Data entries
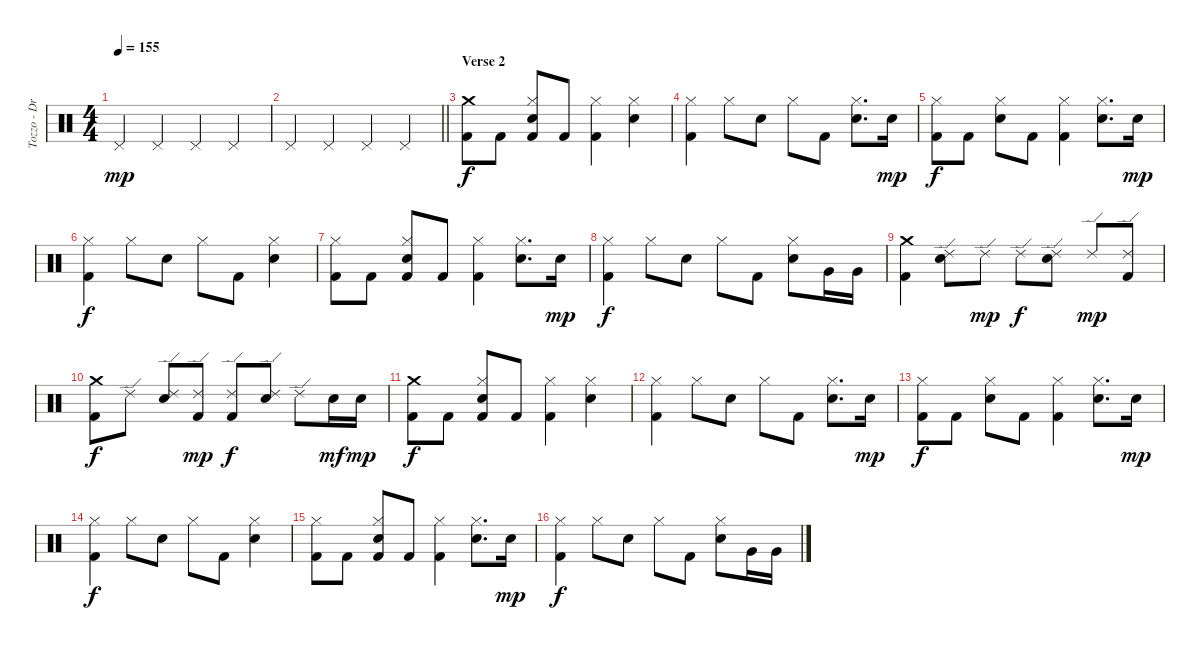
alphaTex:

\track ("Tozzo - Drums" "Tozzo - Dr") {instrument percussion}
\staff {score}
\articulation defaults
\ts (4 4)
\tempo 155
\clef neutral
\ks c "Pedal Hi-Hat (hit)".4{dy mp} "Pedal Hi-Hat (hit)".4 "Pedal Hi-Hat (hit)".4 "Pedal Hi-Hat (hit)".4
|
\barLineRight lightlight "Pedal Hi-Hat (hit)".4 "Pedal Hi-Hat (hit)".4 "Pedal Hi-Hat (hit)".4 "Pedal Hi-Hat (hit)".4
|
\section ("" "Verse 2")
("Crash medium (hit)" "Kick (hit) 2").8{dy f} "Kick (hit) 2".8 ("Hi-Hat (closed)" "Snare (hit) 2" "Kick (hit) 2").8 "Kick (hit) 2".8 ("Hi-Hat (closed)" "Kick (hit) 2").4 ("Hi-Hat (closed)" "Snare (hit) 2").4 |
("Hi-Hat (closed)" "Kick (hit) 2").4 "Hi-Hat (closed)".8 "Snare (hit) 2".8 "Hi-Hat (closed)".8 "Kick (hit) 2".8 ("Hi-Hat (closed)" "Snare (hit) 2").8{d} "Snare (hit) 2".16{dy mp} |
("Hi-Hat (closed)" "Kick (hit) 2").8{dy f} "Kick (hit) 2".8 ("Hi-Hat (closed)" "Snare (hit) 2").8 "Kick (hit) 2".8 ("Hi-Hat (closed)" "Kick (hit) 2").4 ("Hi-Hat (closed)" "Snare (hit) 2").8{d} "Snare (hit) 2".16{dy mp} |
("Hi-Hat (closed)" "Kick (hit) 2").4{dy f} "Hi-Hat (closed)".8 "Snare (hit) 2".8 "Hi-Hat (closed)".8 "Kick (hit) 2".8 ("Hi-Hat (closed)" "Snare (hit) 2").4 |
("Hi-Hat (closed)" "Kick (hit) 2").8 "Kick (hit) 2".8 ("Hi-Hat (closed)" "Snare (hit) 2" "Kick (hit) 2").8 "Kick (hit) 2".8 ("Hi-Hat (closed)" "Kick (hit) 2").4 ("Hi-Hat (closed)" "Snare (hit) 2").8{d} "Snare (hit) 2".16{dy mp} |
("Hi-Hat (closed)" "Kick (hit) 2").4{dy f} "Hi-Hat (closed)".8 "Snare (hit) 2".8 "Hi-Hat (closed)".8 "Kick (hit) 2".8 ("Hi-Hat (closed)" "Snare (hit) 2").8 "Very Low Tom (hit)".16 "Very Low Tom (hit)".16 |
("Crash medium (hit)" "Kick (hit) 2").4 ("Ride (edge) 2" "Snare (hit) 2").8 "Ride (edge) 2".8{dy mp} "Ride (edge) 2".8{dy f} ("Ride (edge) 2" "Snare (hit) 2").8 "Ride (edge) 2".8{dy mp} ("Ride (edge) 2" "Kick (hit) 2").8 |
("Crash medium (hit)" "Kick (hit) 2").8{dy f} "Ride (edge) 2".8 ("Ride (edge) 2" "Snare (hit) 2").8 ("Ride (edge) 2" "Kick (hit) 2").8{dy mp} ("Ride (edge) 2" "Kick (hit) 2").8{dy f} ("Ride (edge) 2" "Snare (hit) 2").8 "Ride (edge) 2".8 "Snare (hit) 2".16{dy mf} "Snare (hit) 2".16{dy mp} |
("Crash medium (hit)" "Kick (hit) 2").8{dy f} "Kick (hit) 2".8 ("Hi-Hat (closed)" "Snare (hit) 2" "Kick (hit) 2").8 "Kick (hit) 2".8 ("Hi-Hat (closed)" "Kick (hit) 2").4 ("Hi-Hat (closed)" "Snare (hit) 2").4 |
("Hi-Hat (closed)" "Kick (hit) 2").4 "Hi-Hat (closed)".8 "Snare (hit) 2".8 "Hi-Hat (closed)".8 "Kick (hit) 2".8 ("Hi-Hat (closed)" "Snare (hit) 2").8{d} "Snare (hit) 2".16{dy mp} |
("Hi-Hat (closed)" "Kick (hit) 2").8{dy f} "Kick (hit) 2".8 ("Hi-Hat (closed)" "Snare (hit) 2").8 "Kick (hit) 2".8 ("Hi-Hat (closed)" "Kick (hit) 2").4 ("Hi-Hat (closed)" "Snare (hit) 2").8{d} "Snare (hit) 2".16{dy mp} |
("Hi-Hat (closed)" "Kick (hit) 2").4{dy f} "Hi-Hat (closed)".8 "Snare (hit) 2".8 "Hi-Hat (closed)".8 "Kick (hit) 2".8 ("Hi-Hat (closed)" "Snare (hit) 2").4 |
("Hi-Hat (closed)" "Kick (hit) 2").8 "Kick (hit) 2".8 ("Hi-Hat (closed)" "Snare (hit) 2" "Kick (hit) 2").8 "Kick (hit) 2".8 ("Hi-Hat (closed)" "Kick (hit) 2").4 ("Hi-Hat (closed)" "Snare (hit) 2").8{d} "Snare (hit) 2".16{dy mp} |
("Hi-Hat (closed)" "Kick (hit) 2").4{dy f} "Hi-Hat (closed)".8 "Snare (hit) 2".8 "Hi-Hat (closed)".8 "Kick (hit) 2".8 ("Hi-Hat (closed)" "Snare (hit) 2").8 "Very Low Tom (hit)".16 "Very Low Tom (hit)".16

### Your goal
Your task is to collect every line above that contains the word "Crash".

### Task response
("Crash medium (hit)" "Kick (hit) 2").8{dy f} "Kick (hit) 2".8 ("Hi-Hat (closed)" "Snare (hit) 2" "Kick (hit) 2").8 "Kick (hit) 2".8 ("Hi-Hat (closed)" "Kick (hit) 2").4 ("Hi-Hat (closed)" "Snare (hit) 2").4 |
("Crash medium (hit)" "Kick (hit) 2").4 ("Ride (edge) 2" "Snare (hit) 2").8 "Ride (edge) 2".8{dy mp} "Ride (edge) 2".8{dy f} ("Ride (edge) 2" "Snare (hit) 2").8 "Ride (edge) 2".8{dy mp} ("Ride (edge) 2" "Kick (hit) 2").8 |
("Crash medium (hit)" "Kick (hit) 2").8{dy f} "Ride (edge) 2".8 ("Ride (edge) 2" "Snare (hit) 2").8 ("Ride (edge) 2" "Kick (hit) 2").8{dy mp} ("Ride (edge) 2" "Kick (hit) 2").8{dy f} ("Ride (edge) 2" "Snare (hit) 2").8 "Ride (edge) 2".8 "Snare (hit) 2".16{dy mf} "Snare (hit) 2".16{dy mp} |
("Crash medium (hit)" "Kick (hit) 2").8{dy f} "Kick (hit) 2".8 ("Hi-Hat (closed)" "Snare (hit) 2" "Kick (hit) 2").8 "Kick (hit) 2".8 ("Hi-Hat (closed)" "Kick (hit) 2").4 ("Hi-Hat (closed)" "Snare (hit) 2").4 |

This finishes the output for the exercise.